TASK INPUTS

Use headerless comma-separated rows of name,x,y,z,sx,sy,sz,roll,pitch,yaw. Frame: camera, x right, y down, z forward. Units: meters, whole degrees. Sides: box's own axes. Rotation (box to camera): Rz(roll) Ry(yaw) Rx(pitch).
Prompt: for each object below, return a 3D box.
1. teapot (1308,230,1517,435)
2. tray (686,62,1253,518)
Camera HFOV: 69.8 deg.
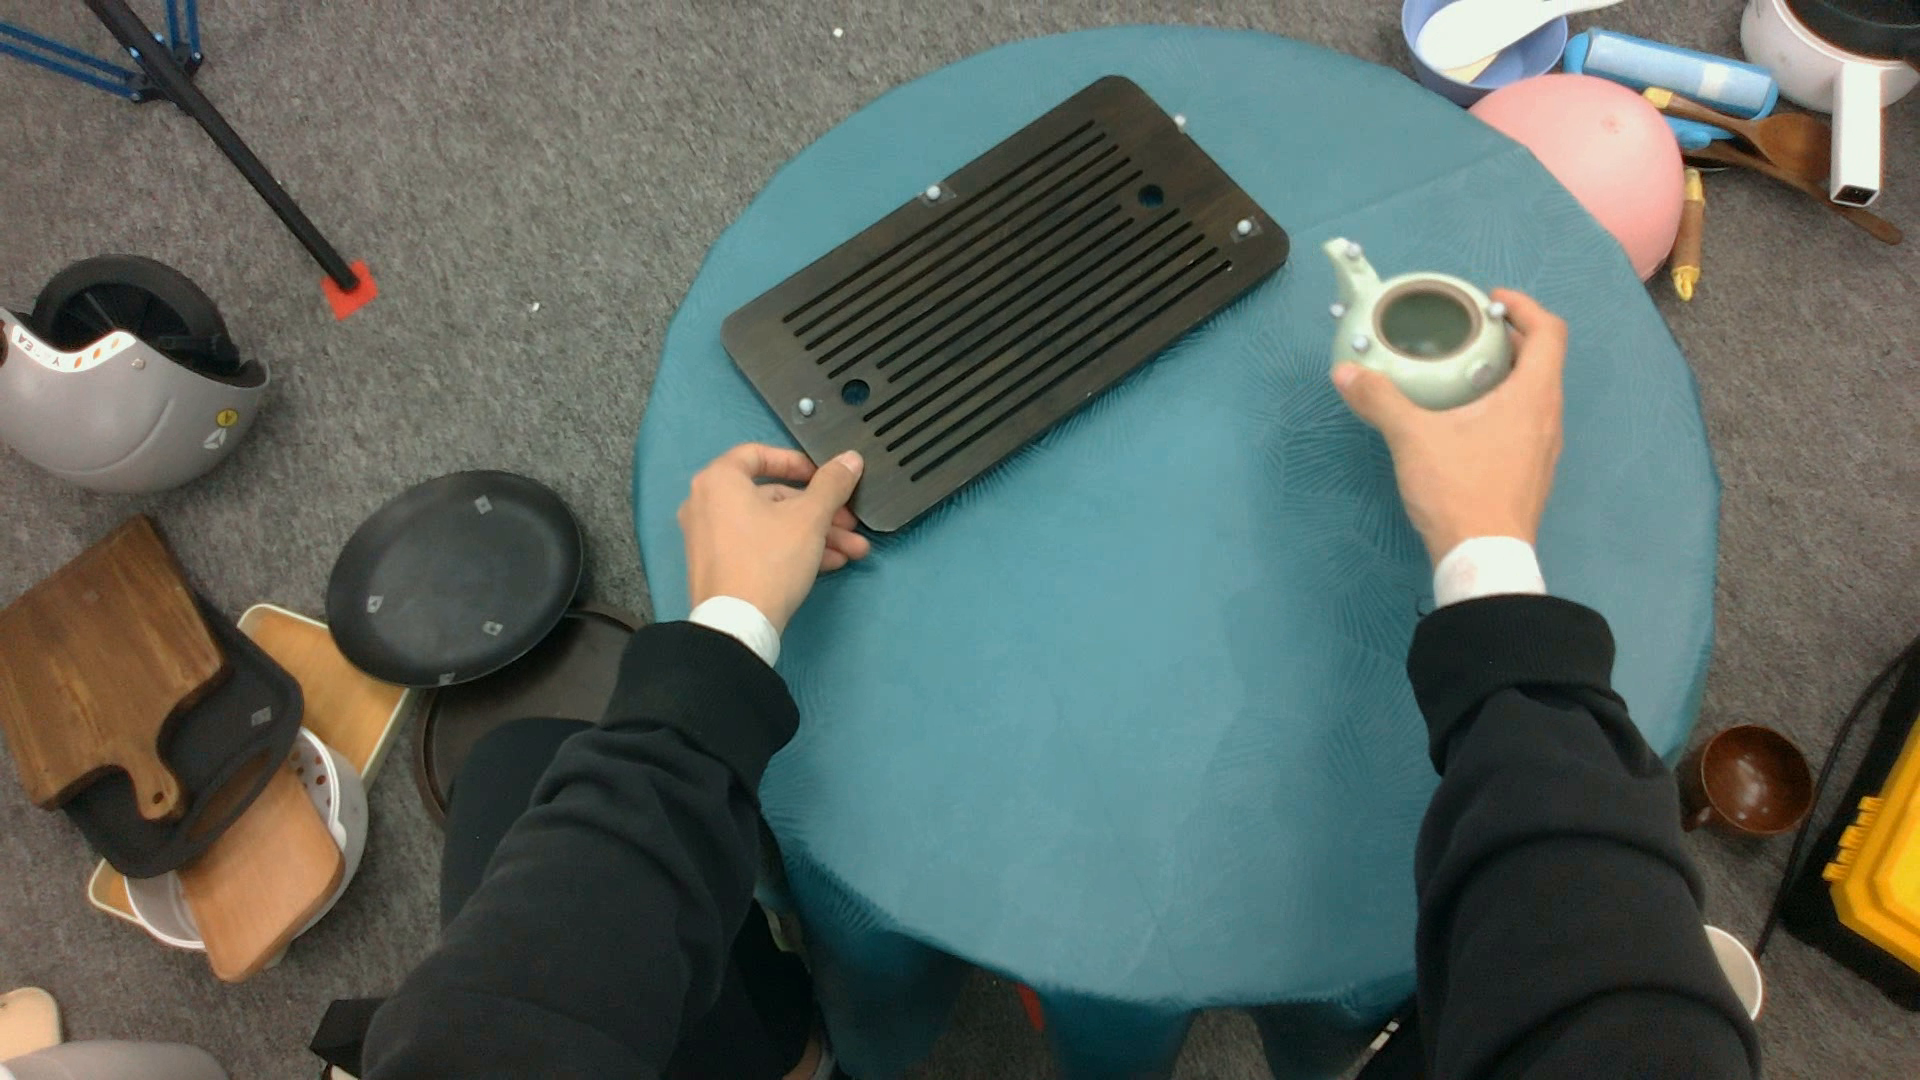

WORK TASK
Please transcribe each line above exactly, but leave the images out.

TASK RESPONSE
Use headerless comma-separated rows of name,x,y,z,sx,sy,sz,roll,pitch,yaw. Frame: camera, x right, y down, z forward. Units: meters, whole degrees. Sides: box's own axes. Rotation (box to camera): Rz(roll) Ry(yaw) Rx(pitch).
Prompt: for each object below, return a 3D box.
1. teapot (1308,230,1517,435)
2. tray (686,62,1253,518)
Camera HFOV: 69.8 deg.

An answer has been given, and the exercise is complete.